■ Assigned task
Could you filter the data below down to the lines that hold the word "oriented"?

■ Dataset records
• • •
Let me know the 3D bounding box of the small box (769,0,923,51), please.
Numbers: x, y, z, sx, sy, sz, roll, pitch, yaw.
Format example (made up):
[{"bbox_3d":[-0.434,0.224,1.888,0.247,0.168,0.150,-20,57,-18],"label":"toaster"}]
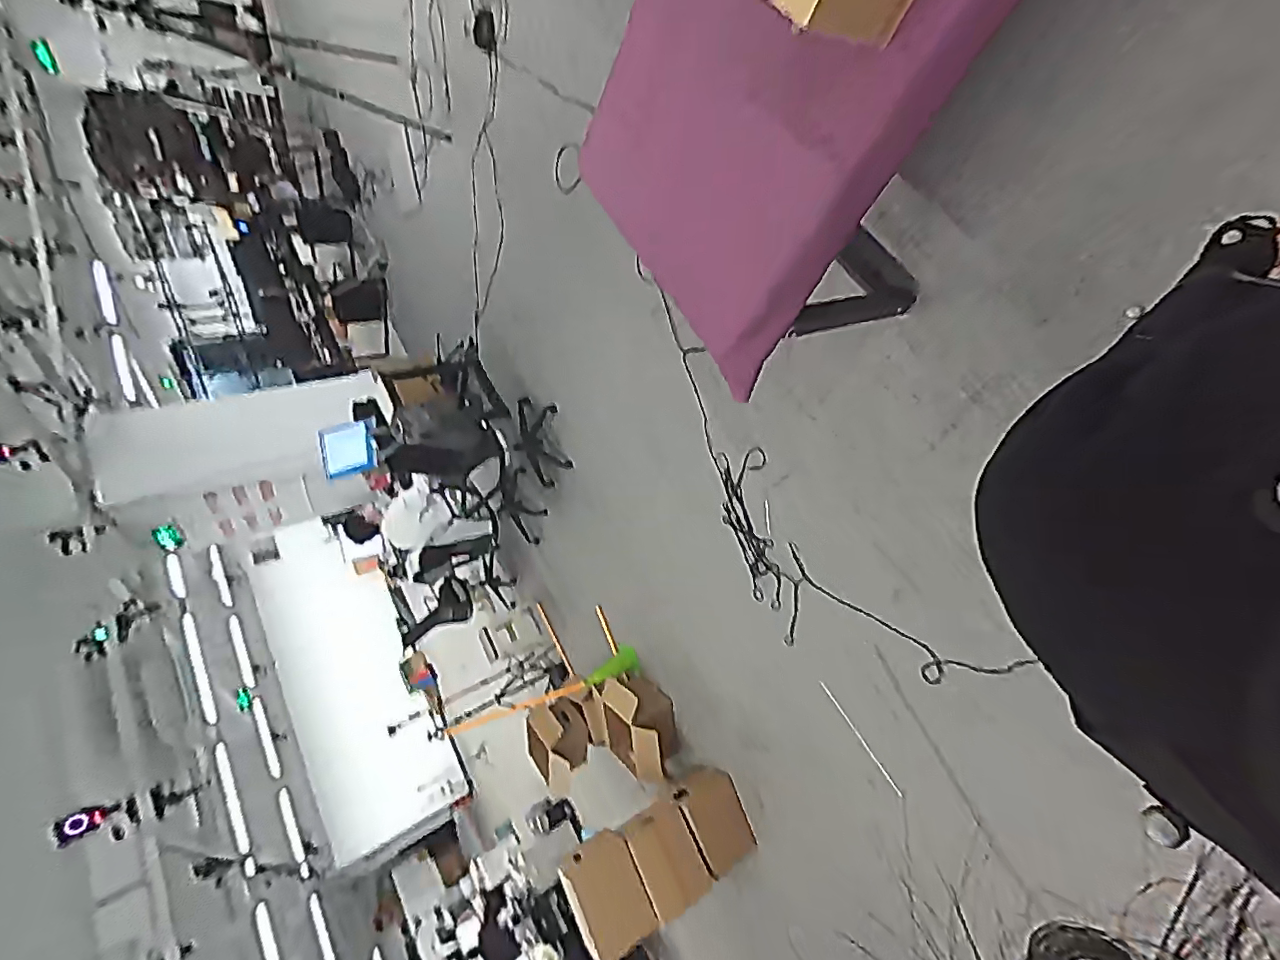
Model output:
[{"bbox_3d":[0.263,-0.661,0.658,0.179,0.176,0.168,59,146,22],"label":"small box"}]
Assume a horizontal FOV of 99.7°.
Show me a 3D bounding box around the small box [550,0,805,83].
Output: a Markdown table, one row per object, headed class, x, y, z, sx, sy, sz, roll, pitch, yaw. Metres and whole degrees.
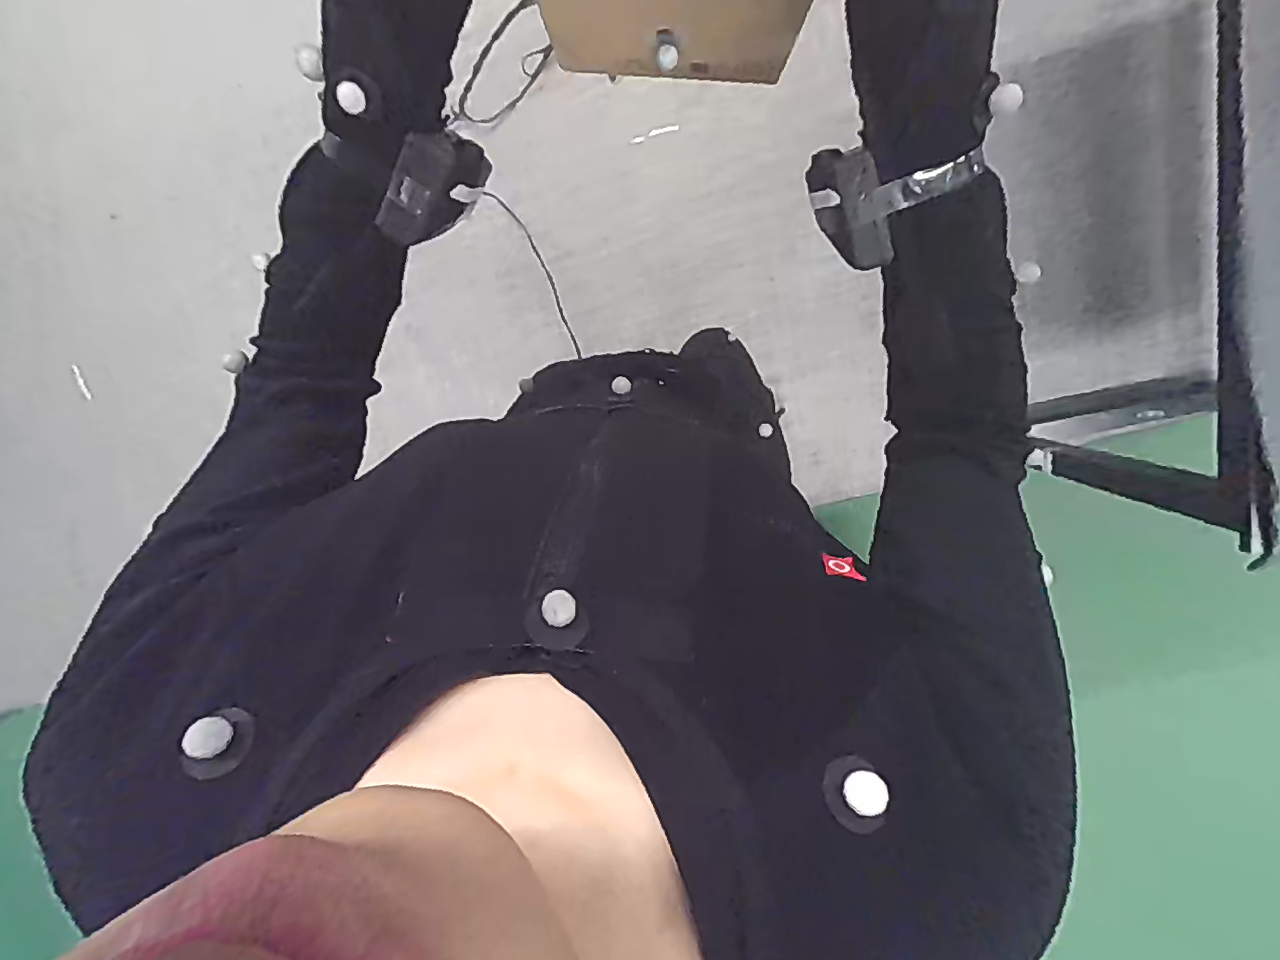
| class | x | y | z | sx | sy | sz | roll | pitch | yaw |
| --- | --- | --- | --- | --- | --- | --- | --- | --- | --- |
| small box | 0.024 | -0.373 | 0.312 | 0.168 | 0.176 | 0.179 | 4 | 103 | 2 |
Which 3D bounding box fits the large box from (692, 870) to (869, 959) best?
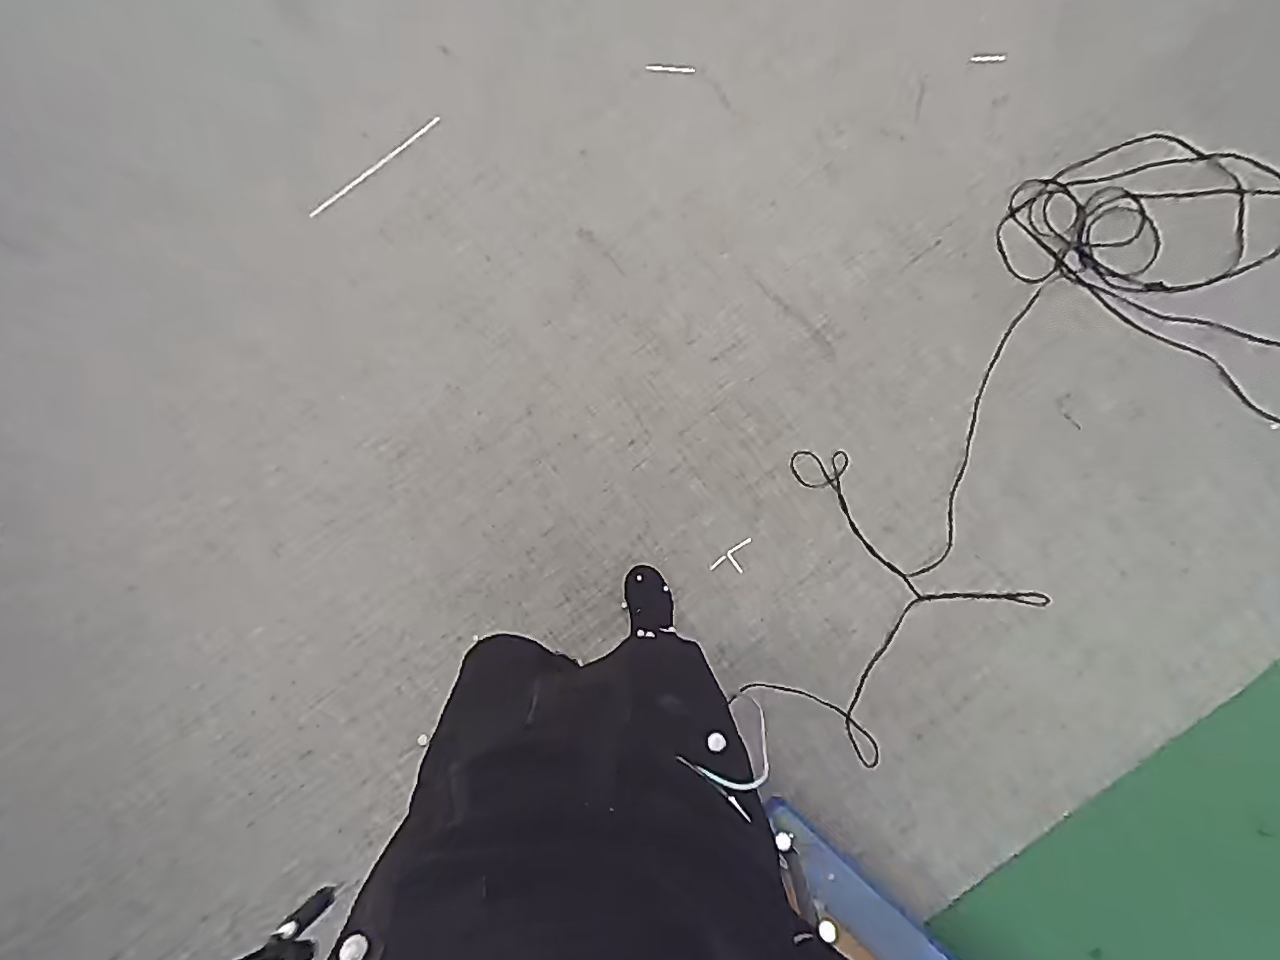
[{"bbox_3d":[0.328,1.078,1.020,0.408,0.320,0.320,43,89,6],"label":"large box"}]
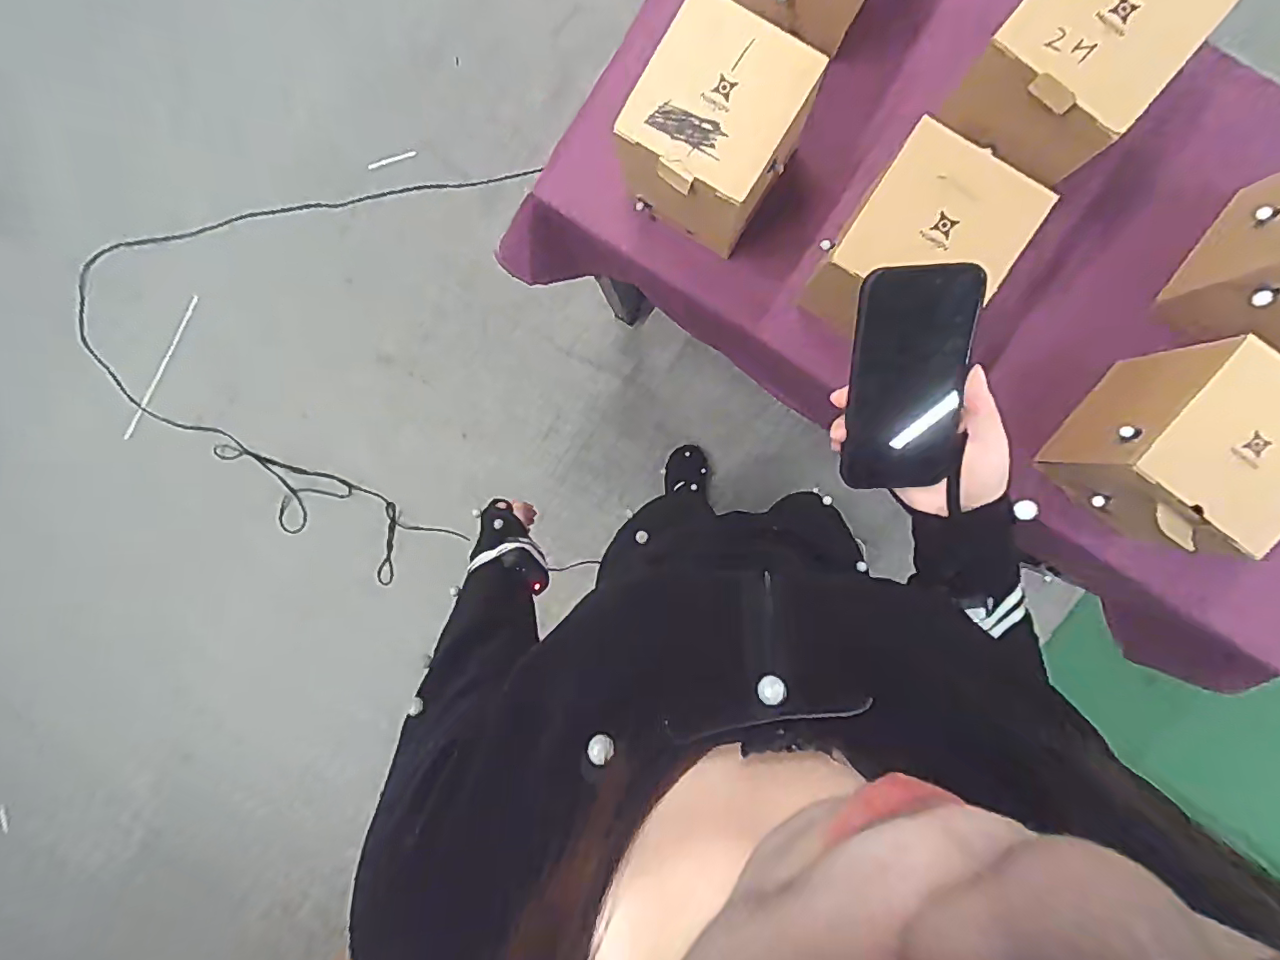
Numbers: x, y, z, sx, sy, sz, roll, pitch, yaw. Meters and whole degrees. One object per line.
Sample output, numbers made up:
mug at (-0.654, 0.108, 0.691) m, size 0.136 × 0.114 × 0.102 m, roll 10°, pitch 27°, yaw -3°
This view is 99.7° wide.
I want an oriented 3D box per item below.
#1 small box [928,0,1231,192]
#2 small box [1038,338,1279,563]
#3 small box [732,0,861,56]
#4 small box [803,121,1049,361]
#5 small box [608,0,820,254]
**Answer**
small box at (0.475, -0.464, 0.621) m, size 0.168 × 0.176 × 0.179 m, roll 40°, pitch 96°, yaw 1°
small box at (0.631, -0.035, 0.636) m, size 0.168 × 0.176 × 0.179 m, roll 38°, pitch 96°, yaw 2°
small box at (0.210, -0.656, 0.629) m, size 0.168 × 0.176 × 0.179 m, roll 29°, pitch 96°, yaw 1°
small box at (0.316, -0.263, 0.647) m, size 0.168 × 0.176 × 0.179 m, roll 33°, pitch 94°, yaw 1°
small box at (0.083, -0.409, 0.654) m, size 0.168 × 0.176 × 0.179 m, roll 32°, pitch 94°, yaw 1°
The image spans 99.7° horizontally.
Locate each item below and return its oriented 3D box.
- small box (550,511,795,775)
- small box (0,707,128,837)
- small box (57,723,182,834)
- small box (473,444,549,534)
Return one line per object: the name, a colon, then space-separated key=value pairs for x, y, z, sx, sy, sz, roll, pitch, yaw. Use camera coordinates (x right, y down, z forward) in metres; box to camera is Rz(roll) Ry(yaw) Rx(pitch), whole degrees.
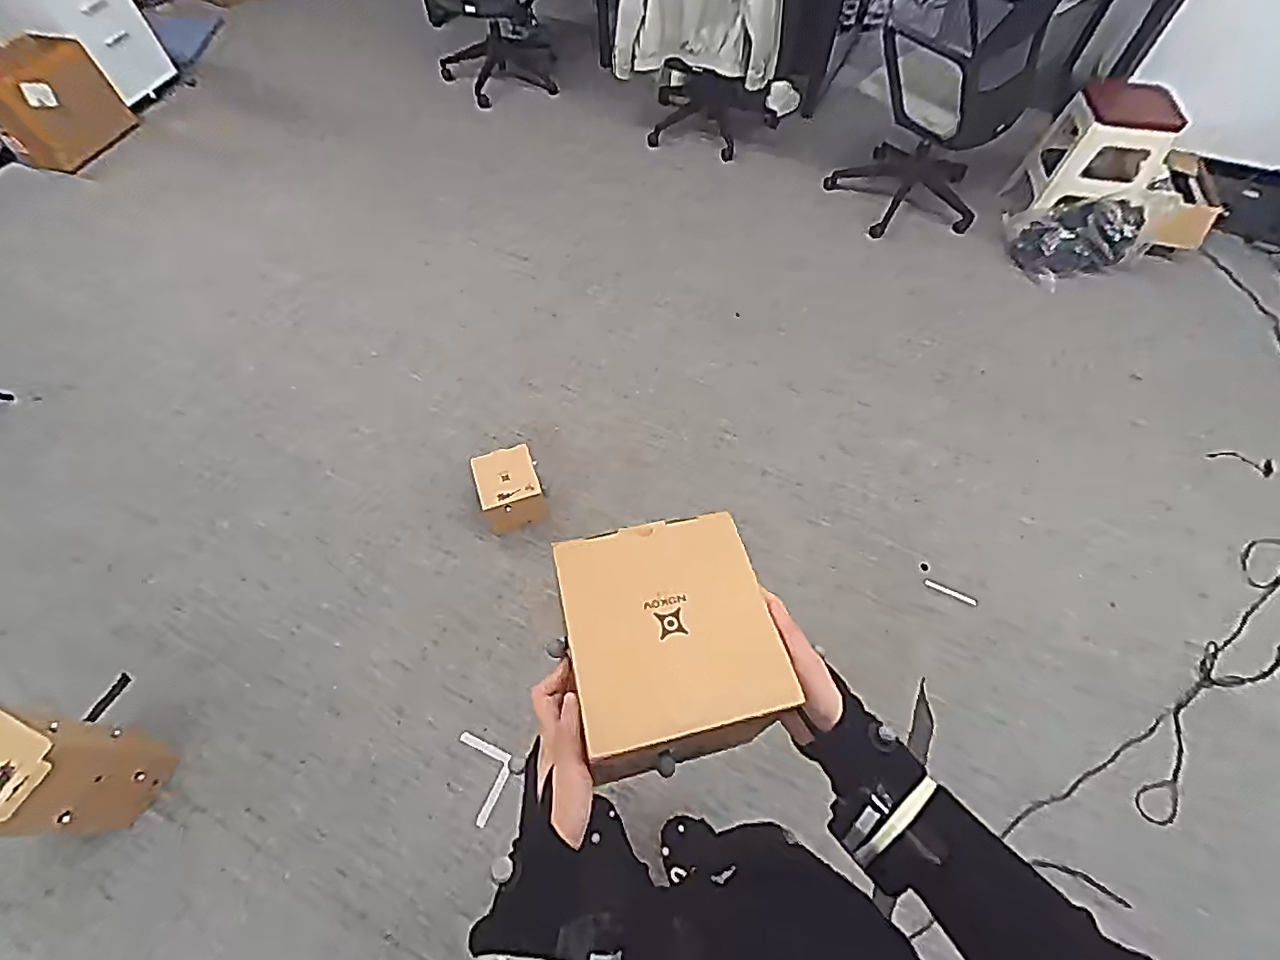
small box: x=0.016 y=0.157 z=0.500 sx=0.168 sy=0.176 sz=0.179 roll=-10 pitch=55 yaw=-11
small box: x=-1.196 y=0.573 z=1.069 sx=0.179 sy=0.176 sz=0.168 roll=19 pitch=61 yaw=11
small box: x=-1.199 y=0.660 z=1.209 sx=0.179 sy=0.176 sz=0.168 roll=18 pitch=61 yaw=11
small box: x=-0.372 y=0.029 z=1.575 sx=0.168 sy=0.176 sz=0.179 roll=-17 pitch=61 yaw=-11
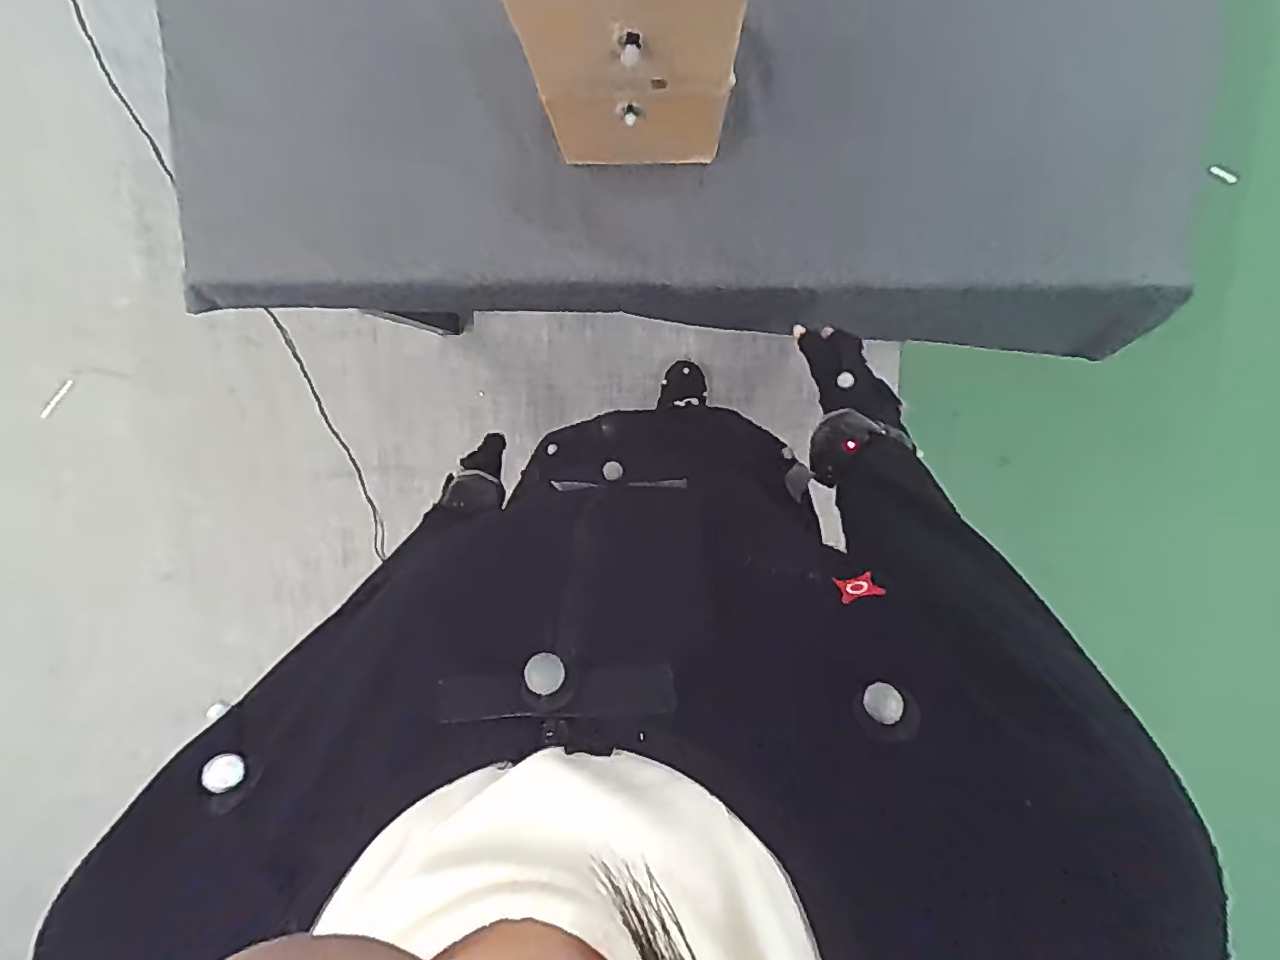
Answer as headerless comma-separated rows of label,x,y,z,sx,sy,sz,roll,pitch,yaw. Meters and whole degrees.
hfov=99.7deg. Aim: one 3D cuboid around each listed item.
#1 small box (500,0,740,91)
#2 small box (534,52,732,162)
• • •
■ Answer box
I want an oriented 3D box per item below.
Locate each item below and return its oriented 3D box.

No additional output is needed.